EXERCISE DATA START

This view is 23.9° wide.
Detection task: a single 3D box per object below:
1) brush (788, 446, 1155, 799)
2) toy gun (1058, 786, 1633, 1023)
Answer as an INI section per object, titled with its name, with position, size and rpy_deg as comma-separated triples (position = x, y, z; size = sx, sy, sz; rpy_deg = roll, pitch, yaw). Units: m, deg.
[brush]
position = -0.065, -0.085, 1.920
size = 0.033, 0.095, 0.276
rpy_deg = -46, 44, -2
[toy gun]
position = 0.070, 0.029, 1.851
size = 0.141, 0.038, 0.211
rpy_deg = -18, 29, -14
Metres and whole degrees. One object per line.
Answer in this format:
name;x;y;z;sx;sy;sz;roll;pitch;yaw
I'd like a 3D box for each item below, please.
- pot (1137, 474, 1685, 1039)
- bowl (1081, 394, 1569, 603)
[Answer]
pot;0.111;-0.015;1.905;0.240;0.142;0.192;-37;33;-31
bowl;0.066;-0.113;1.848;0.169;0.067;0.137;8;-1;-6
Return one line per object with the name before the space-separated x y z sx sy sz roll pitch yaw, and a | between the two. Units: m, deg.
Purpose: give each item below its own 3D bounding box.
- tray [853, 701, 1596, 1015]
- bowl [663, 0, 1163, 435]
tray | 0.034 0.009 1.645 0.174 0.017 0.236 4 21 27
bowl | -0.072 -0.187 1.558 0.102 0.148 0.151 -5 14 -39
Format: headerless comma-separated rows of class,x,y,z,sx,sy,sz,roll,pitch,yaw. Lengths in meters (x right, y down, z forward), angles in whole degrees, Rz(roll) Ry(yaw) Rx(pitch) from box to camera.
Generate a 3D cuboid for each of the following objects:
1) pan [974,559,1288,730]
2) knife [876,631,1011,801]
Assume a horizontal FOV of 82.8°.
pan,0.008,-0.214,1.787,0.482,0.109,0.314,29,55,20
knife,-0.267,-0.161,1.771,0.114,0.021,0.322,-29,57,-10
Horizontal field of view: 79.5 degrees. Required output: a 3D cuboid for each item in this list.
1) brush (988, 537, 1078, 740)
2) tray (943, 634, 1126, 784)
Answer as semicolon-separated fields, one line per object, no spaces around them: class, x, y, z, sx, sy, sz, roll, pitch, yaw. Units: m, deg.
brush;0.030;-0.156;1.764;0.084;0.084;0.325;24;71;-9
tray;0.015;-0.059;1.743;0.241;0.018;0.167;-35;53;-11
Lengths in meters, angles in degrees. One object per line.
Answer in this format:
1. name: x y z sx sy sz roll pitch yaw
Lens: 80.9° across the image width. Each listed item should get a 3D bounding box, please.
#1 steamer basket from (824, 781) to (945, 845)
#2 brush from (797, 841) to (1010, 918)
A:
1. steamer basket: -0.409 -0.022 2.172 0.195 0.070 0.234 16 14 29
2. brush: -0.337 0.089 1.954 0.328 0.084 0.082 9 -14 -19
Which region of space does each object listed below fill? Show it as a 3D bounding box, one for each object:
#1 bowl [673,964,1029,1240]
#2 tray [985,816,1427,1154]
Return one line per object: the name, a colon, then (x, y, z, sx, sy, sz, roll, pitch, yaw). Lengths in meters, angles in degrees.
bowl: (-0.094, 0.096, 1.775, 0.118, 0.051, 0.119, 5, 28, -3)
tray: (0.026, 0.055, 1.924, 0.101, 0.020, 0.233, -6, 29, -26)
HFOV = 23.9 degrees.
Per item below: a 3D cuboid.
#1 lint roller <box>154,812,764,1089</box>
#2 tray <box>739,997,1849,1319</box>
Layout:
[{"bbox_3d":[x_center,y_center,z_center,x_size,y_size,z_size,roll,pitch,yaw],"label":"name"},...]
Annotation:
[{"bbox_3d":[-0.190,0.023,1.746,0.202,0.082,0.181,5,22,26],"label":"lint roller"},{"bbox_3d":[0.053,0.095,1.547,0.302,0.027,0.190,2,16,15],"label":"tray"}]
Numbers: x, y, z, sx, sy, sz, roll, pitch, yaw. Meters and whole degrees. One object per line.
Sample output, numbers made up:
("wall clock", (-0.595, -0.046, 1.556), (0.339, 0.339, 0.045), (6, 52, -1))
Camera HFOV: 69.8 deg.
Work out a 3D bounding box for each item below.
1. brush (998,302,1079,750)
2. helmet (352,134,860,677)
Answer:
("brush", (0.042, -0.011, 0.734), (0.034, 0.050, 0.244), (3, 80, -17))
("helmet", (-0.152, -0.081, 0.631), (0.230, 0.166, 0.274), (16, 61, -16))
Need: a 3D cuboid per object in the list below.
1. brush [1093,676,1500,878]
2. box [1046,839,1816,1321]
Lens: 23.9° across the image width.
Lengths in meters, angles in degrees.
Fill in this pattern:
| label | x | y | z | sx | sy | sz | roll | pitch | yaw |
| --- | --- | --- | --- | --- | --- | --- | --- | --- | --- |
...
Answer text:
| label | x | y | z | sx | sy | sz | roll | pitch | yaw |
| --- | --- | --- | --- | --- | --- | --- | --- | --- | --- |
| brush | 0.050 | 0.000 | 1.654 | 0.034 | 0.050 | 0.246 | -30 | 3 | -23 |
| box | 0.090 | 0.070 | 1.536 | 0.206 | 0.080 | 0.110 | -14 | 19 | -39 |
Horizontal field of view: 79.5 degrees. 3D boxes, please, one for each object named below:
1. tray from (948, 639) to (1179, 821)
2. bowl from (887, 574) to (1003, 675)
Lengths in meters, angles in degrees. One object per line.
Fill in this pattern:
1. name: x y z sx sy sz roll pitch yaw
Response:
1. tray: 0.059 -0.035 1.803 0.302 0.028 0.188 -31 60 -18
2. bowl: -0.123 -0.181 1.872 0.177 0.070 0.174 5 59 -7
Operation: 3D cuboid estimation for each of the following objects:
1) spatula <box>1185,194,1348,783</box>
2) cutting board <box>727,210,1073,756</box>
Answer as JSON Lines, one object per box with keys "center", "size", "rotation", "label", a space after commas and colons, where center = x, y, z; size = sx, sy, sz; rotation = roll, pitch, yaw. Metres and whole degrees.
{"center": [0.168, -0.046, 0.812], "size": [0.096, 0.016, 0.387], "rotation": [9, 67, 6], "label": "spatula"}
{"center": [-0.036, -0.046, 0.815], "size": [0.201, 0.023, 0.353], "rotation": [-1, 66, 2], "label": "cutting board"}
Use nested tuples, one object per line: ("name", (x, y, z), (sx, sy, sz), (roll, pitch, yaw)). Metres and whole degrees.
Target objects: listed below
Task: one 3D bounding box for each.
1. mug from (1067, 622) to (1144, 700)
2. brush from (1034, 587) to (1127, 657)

EXERCISE DATA END

| TASK |
Print again the lines of the entries above that fall between the line holding "1. brush [1093,676,1500,878]" and the line holding "Use nested tuples, one", inclusive, exactly as they stand.

| SOLUTION TO THE EXERCISE |
1. brush [1093,676,1500,878]
2. box [1046,839,1816,1321]
Lens: 23.9° across the image width.
Lengths in meters, angles in degrees.
Fill in this pattern:
| label | x | y | z | sx | sy | sz | roll | pitch | yaw |
| --- | --- | --- | --- | --- | --- | --- | --- | --- | --- |
...
Answer text:
| label | x | y | z | sx | sy | sz | roll | pitch | yaw |
| --- | --- | --- | --- | --- | --- | --- | --- | --- | --- |
| brush | 0.050 | 0.000 | 1.654 | 0.034 | 0.050 | 0.246 | -30 | 3 | -23 |
| box | 0.090 | 0.070 | 1.536 | 0.206 | 0.080 | 0.110 | -14 | 19 | -39 |
Horizontal field of view: 79.5 degrees. 3D boxes, please, one for each object named below:
1. tray from (948, 639) to (1179, 821)
2. bowl from (887, 574) to (1003, 675)
Lengths in meters, angles in degrees. One object per line.
Fill in this pattern:
1. name: x y z sx sy sz roll pitch yaw
Response:
1. tray: 0.059 -0.035 1.803 0.302 0.028 0.188 -31 60 -18
2. bowl: -0.123 -0.181 1.872 0.177 0.070 0.174 5 59 -7
Operation: 3D cuboid estimation for each of the following objects:
1) spatula <box>1185,194,1348,783</box>
2) cutting board <box>727,210,1073,756</box>
Answer as JSON Lines, one object per box with keys "center", "size", "rotation", "label", a space after commas and colons, where center = x, y, z; size = sx, sy, sz; rotation = roll, pitch, yaw. Metres and whole degrees.
{"center": [0.168, -0.046, 0.812], "size": [0.096, 0.016, 0.387], "rotation": [9, 67, 6], "label": "spatula"}
{"center": [-0.036, -0.046, 0.815], "size": [0.201, 0.023, 0.353], "rotation": [-1, 66, 2], "label": "cutting board"}
Use nested tuples, one object per line: ("name", (x, y, z), (sx, sy, sz), (roll, pitch, yaw)). Metres and whole degrees.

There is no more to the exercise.